Architecting petabyte-scale analytics by scaling out Postgres on Azure with the Citus extension
Published Oct 31 2019 01:12 PM 33K Views

Update in October 2022: Citus has a new home on Azure! The Citus database is now available as a managed service in the cloud as Azure Cosmos DB for PostgreSQL. Azure documentation links have been updated throughout the post, to point to the new Azure docs.



How do you know if the next update to your software is ready for hundreds of millions of customers? It starts with data. And when it comes to Windows, we’re talking lots of data. The Windows team measures the quality of new software builds by scrutinizing 20,000 diagnostic metrics based on data flowing in from 1.2 billion Windows devices. At the same time, the team evaluates feedback from Microsoft engineers who are using pre-release versions of Windows updates.

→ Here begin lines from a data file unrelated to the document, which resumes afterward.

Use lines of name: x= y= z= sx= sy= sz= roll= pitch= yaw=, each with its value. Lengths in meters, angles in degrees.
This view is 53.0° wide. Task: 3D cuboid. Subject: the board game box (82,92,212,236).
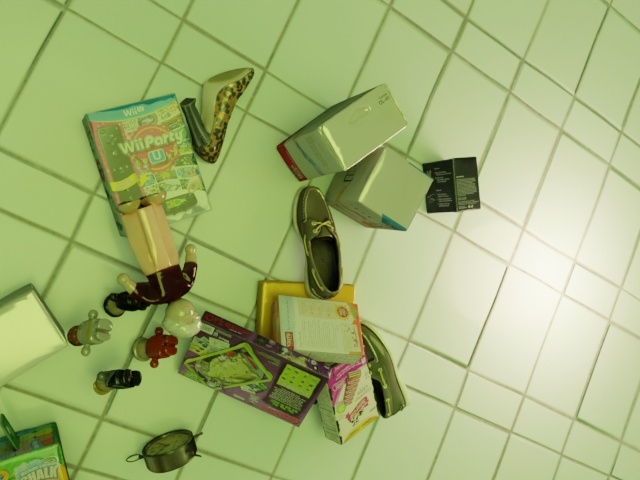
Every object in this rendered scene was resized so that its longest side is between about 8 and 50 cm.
board game box: x=-0.426 y=-0.185 z=1.585 sx=0.224 sy=0.097 sz=0.303 roll=-20 pitch=99 yaw=-23

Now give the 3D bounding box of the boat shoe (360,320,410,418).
boat shoe: x=0.163 y=0.376 z=1.854 sx=0.091 sy=0.109 sz=0.305 roll=-33 pitch=108 yaw=-24

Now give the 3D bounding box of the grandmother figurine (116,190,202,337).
grandmother figurine: x=-0.370 y=0.070 z=1.496 sx=0.208 sy=0.104 sz=0.342 roll=-23 pitch=95 yaw=-27

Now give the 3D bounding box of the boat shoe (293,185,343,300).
boat shoe: x=0.000 y=0.000 z=1.752 sx=0.116 sy=0.097 sz=0.324 roll=-2 pitch=80 yaw=-25

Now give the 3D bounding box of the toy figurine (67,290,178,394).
toy figurine: x=-0.471 y=0.237 z=1.518 sx=0.209 sy=0.148 sz=0.213 roll=-46 pitch=114 yaw=-48

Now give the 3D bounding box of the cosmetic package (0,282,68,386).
cosmetic package: x=-0.757 y=0.253 z=1.396 sx=0.365 sy=0.197 sz=0.155 roll=-31 pitch=104 yaw=-19

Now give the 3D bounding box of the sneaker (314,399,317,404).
sneaker: x=-0.067 y=0.400 z=1.739 sx=0.161 sy=0.075 sz=0.057 roll=42 pitch=53 yaw=-47

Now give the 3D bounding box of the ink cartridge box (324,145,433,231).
ink cartridge box: x=0.151 y=-0.139 z=1.767 sx=0.171 sy=0.233 sz=0.168 roll=30 pitch=81 yaw=-22

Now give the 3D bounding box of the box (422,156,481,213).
box: x=0.389 y=-0.163 z=1.913 sx=0.093 sy=0.156 sz=0.158 roll=-8 pitch=94 yaw=-24

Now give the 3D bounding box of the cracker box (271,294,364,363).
cracker box: x=-0.009 y=0.237 z=1.698 sx=0.232 sy=0.067 sz=0.155 roll=9 pitch=54 yaw=-21

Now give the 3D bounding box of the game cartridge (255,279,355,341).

At Microsoft, the Windows diagnostic metrics are displayed on a real-time analytics dashboard called “Release Quality View” (RQV), which helps the internal “ship-room” team assess the quality of the customer experience before each new Windows update is released. Given the importance of Windows for Microsoft’s customers, the RQV analytics dashboard is a critical tool for Windows engineers, program managers, and execs. 


Not surprisingly, the real-time analytics dashboard is heavily used. “We have hundreds of active users every day, and thousands every month,” says Min Wei, principal engineer at Microsoft. “Delivering a new operating system update is like producing a Broadway show—there are so many people working behind the scenes to prepare. The RQV analytics dashboard helps ensure the curtain goes up on time—and that we deliver what the audience wants.”

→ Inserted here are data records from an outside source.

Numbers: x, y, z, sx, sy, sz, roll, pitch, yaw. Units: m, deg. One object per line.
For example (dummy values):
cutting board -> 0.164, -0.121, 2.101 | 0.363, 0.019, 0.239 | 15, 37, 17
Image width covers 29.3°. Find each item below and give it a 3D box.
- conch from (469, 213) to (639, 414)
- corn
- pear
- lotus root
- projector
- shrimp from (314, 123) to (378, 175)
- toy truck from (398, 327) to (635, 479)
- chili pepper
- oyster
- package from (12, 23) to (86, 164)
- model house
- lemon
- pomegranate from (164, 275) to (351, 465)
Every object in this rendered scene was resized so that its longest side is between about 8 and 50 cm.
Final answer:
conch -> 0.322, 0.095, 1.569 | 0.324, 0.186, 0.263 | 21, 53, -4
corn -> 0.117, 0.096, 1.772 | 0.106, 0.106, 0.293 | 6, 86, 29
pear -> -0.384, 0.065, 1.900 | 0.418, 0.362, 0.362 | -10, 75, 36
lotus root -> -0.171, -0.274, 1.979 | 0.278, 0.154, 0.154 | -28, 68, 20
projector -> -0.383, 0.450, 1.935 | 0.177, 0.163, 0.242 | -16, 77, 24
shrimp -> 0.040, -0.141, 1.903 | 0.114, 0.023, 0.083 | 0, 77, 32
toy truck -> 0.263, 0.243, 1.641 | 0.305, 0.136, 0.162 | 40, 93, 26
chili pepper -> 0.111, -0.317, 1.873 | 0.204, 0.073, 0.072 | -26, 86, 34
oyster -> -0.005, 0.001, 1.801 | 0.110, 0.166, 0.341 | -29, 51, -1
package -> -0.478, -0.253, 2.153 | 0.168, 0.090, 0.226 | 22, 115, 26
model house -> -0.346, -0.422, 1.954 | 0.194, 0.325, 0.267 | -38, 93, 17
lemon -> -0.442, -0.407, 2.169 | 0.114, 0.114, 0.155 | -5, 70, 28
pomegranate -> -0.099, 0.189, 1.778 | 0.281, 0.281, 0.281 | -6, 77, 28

Figure 1: The internal RQV analytics dashboard at Microsoft helps the Windows team to assess the quality of upcoming Windows releases. The RQV dashboard tracks 20,000 diagnostic and quality metrics, and currently supports over 10 million queries per day, with hundreds of concurrent users. The RQV analytics dashboard relies on Postgres—along with the Citus extension to Postgres to scale out horizontally—and is deployed on Microsoft Azure. 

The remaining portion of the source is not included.